## [PROBLEM TO WORK ON]
Show every line in the records below that contains the word "object".
▬▬▬▬▬▬▬▬▬▬
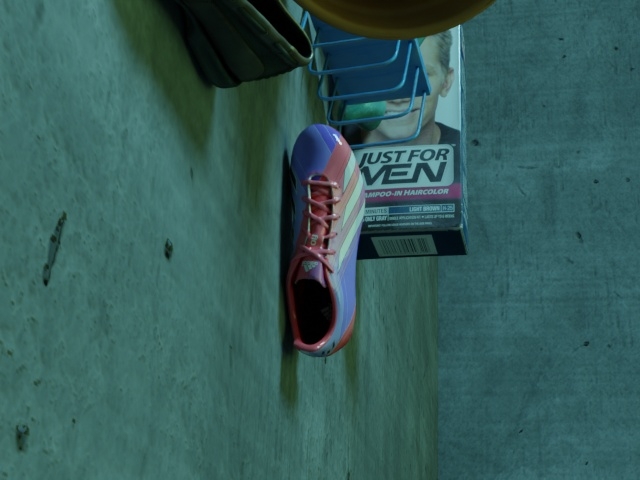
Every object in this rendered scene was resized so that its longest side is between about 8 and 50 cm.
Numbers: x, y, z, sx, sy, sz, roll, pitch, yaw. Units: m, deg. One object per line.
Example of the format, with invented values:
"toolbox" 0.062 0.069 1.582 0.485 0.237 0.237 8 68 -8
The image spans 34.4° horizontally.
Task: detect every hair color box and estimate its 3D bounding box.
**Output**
▬▬▬▬▬▬▬▬▬▬
## [PROBLEM SOLUTION]
Every object in this rendered scene was resized so that its longest side is between about 8 and 50 cm.
Numbers: x, y, z, sx, sy, sz, roll, pitch, yaw. Units: m, deg. One object per line.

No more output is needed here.